[Stored data entries]
Start of Block

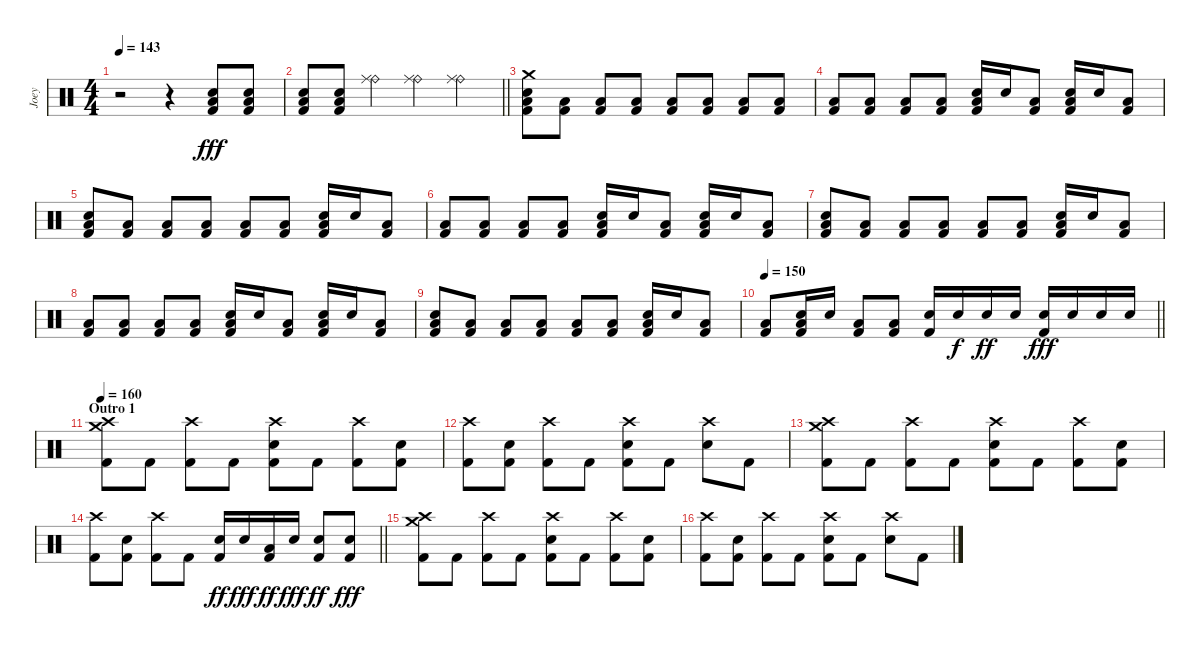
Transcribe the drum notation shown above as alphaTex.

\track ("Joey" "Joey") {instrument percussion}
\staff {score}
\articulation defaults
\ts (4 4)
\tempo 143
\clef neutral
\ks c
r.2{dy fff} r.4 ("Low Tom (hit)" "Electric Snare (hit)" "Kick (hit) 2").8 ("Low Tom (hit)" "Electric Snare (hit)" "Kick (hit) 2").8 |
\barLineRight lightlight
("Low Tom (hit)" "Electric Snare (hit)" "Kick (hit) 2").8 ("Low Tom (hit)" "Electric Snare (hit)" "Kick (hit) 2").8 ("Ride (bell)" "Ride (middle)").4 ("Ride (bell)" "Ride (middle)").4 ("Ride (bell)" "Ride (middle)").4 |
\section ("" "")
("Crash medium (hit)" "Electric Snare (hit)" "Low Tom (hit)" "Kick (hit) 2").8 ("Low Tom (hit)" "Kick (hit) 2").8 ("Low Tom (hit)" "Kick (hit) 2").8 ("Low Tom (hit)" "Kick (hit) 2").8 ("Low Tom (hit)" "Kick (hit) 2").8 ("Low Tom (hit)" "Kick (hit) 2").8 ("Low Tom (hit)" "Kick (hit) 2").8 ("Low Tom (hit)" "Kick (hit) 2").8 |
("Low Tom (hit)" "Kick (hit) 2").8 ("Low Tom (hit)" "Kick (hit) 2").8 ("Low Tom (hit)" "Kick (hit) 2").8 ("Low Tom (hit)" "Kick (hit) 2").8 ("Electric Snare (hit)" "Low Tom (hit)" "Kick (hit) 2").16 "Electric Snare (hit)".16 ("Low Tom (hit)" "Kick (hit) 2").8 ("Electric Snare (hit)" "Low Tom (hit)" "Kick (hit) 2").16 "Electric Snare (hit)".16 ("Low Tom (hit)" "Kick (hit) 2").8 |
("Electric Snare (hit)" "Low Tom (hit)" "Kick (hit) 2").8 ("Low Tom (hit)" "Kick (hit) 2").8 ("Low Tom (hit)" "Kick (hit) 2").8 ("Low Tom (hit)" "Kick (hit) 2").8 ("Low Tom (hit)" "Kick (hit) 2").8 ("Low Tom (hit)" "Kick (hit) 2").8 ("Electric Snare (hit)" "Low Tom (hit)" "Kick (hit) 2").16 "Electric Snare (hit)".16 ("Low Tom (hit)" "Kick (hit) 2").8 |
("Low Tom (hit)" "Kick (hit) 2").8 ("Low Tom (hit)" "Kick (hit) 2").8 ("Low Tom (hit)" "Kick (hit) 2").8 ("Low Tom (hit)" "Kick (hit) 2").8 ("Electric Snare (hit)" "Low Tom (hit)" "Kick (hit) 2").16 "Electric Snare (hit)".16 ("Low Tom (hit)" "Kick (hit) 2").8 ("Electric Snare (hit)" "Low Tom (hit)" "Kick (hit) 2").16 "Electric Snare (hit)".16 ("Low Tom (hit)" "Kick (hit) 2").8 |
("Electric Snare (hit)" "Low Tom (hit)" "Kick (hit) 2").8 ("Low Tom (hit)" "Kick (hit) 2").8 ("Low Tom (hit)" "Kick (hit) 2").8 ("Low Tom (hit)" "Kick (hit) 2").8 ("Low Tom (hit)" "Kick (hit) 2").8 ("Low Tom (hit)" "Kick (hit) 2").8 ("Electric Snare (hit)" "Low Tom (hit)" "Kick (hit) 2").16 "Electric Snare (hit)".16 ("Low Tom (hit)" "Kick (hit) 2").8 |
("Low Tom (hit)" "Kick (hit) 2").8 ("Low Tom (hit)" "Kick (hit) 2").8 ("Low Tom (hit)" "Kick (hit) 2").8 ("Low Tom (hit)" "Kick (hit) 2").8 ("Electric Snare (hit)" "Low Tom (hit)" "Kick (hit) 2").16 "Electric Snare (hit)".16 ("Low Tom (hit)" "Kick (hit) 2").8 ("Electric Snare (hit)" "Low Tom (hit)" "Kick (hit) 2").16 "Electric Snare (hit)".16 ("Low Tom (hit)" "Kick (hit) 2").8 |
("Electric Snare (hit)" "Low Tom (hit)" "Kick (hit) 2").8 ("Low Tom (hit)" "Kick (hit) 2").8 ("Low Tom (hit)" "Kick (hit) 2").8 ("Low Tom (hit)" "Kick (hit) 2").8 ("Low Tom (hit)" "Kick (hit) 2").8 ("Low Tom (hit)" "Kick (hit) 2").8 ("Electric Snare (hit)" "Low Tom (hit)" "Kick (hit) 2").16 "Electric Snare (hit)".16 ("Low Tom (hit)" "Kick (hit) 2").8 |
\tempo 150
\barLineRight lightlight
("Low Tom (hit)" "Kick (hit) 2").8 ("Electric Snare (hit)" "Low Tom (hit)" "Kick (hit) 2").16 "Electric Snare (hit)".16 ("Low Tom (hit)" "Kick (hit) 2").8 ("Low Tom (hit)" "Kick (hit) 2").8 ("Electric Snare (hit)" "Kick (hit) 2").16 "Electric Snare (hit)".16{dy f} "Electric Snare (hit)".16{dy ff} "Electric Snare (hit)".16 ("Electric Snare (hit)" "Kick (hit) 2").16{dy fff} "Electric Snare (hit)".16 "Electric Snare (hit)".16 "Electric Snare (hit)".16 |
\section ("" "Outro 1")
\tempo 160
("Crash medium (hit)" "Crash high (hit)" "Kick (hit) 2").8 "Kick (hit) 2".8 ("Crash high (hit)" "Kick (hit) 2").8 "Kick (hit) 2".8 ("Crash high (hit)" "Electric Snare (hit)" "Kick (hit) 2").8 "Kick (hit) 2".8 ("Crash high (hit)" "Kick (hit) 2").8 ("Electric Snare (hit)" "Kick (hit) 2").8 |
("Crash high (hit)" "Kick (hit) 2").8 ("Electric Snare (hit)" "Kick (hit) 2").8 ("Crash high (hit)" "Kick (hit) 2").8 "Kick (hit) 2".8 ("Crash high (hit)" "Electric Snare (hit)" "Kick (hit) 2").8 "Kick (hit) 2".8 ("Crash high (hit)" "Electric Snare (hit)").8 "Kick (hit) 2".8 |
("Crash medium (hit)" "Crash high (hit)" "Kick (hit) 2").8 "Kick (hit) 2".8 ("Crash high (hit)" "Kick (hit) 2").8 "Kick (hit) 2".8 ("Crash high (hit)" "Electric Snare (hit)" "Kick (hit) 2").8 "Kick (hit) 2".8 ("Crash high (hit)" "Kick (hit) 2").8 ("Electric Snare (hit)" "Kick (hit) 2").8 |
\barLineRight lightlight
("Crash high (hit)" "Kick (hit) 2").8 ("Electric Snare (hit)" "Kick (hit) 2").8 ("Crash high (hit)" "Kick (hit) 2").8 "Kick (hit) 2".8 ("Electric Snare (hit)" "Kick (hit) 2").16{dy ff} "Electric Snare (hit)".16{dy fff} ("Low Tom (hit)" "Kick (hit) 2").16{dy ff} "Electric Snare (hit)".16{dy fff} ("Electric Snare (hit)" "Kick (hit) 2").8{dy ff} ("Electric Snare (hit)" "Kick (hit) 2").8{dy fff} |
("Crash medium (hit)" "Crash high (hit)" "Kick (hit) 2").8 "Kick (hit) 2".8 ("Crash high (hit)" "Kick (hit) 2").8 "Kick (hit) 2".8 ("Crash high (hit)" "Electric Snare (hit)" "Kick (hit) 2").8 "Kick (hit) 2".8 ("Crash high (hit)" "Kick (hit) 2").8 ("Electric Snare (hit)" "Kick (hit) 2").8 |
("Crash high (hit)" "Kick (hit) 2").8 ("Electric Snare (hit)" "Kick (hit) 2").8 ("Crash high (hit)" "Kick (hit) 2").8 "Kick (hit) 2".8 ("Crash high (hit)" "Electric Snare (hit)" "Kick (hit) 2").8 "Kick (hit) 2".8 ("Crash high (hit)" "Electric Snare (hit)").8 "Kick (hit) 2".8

End of Block
Start of Block

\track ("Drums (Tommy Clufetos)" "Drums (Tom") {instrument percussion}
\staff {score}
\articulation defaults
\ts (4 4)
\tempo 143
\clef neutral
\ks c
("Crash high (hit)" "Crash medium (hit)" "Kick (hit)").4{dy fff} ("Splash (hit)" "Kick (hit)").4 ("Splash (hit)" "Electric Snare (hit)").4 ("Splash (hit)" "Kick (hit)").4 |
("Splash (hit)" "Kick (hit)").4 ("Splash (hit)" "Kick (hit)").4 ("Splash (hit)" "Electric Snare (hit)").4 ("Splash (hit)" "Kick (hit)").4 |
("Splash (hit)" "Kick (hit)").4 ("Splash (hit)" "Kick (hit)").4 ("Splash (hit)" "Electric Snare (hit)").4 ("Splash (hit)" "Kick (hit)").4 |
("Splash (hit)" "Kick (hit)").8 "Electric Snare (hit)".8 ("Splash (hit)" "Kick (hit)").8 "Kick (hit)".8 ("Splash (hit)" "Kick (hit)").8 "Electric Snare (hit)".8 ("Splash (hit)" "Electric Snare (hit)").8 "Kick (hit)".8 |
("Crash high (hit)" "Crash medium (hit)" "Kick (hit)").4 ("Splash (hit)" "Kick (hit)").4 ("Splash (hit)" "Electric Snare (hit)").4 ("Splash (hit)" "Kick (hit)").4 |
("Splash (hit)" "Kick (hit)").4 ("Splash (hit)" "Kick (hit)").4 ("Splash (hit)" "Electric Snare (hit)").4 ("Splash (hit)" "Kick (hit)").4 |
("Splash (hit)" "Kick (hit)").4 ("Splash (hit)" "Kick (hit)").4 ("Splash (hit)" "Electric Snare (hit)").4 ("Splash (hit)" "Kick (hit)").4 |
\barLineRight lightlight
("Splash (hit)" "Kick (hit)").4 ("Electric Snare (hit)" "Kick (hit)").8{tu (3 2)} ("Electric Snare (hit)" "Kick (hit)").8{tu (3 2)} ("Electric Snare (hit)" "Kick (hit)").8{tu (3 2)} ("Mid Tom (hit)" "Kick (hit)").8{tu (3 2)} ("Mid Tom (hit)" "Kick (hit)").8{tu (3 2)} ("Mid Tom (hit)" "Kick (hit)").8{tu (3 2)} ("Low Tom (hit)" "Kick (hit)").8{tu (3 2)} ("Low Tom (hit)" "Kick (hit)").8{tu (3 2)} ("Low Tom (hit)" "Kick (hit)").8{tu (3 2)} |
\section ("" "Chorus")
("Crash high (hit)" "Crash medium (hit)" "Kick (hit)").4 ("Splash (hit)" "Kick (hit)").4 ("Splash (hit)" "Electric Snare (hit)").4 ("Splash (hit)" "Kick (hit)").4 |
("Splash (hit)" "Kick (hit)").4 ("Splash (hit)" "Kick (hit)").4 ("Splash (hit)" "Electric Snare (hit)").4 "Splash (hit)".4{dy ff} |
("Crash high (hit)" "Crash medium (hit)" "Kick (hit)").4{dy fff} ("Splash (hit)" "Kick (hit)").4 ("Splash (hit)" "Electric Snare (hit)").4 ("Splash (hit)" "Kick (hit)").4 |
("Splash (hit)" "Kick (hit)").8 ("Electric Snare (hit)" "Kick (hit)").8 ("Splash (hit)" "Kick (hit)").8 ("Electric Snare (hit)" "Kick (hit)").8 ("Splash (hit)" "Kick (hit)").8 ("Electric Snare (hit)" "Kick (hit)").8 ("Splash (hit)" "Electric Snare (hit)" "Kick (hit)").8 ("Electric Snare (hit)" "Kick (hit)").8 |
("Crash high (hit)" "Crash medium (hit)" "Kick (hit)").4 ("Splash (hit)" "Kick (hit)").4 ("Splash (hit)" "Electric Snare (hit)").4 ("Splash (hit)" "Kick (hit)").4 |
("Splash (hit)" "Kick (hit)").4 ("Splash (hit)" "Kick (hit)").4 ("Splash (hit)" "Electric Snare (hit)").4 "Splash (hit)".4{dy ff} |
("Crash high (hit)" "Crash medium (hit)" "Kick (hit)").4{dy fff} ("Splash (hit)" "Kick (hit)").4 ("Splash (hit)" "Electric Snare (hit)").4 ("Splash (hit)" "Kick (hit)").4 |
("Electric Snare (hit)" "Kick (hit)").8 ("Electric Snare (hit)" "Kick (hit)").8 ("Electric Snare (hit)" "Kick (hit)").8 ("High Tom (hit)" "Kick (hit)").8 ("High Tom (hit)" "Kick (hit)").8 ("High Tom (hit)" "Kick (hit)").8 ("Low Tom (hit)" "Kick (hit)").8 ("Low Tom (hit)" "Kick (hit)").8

End of Block

_Work required:_ Whenever the string "tempo" shows up in a line above, copy that line.

_Your solution:_
\tempo 143
\tempo 150
\tempo 160
\tempo 143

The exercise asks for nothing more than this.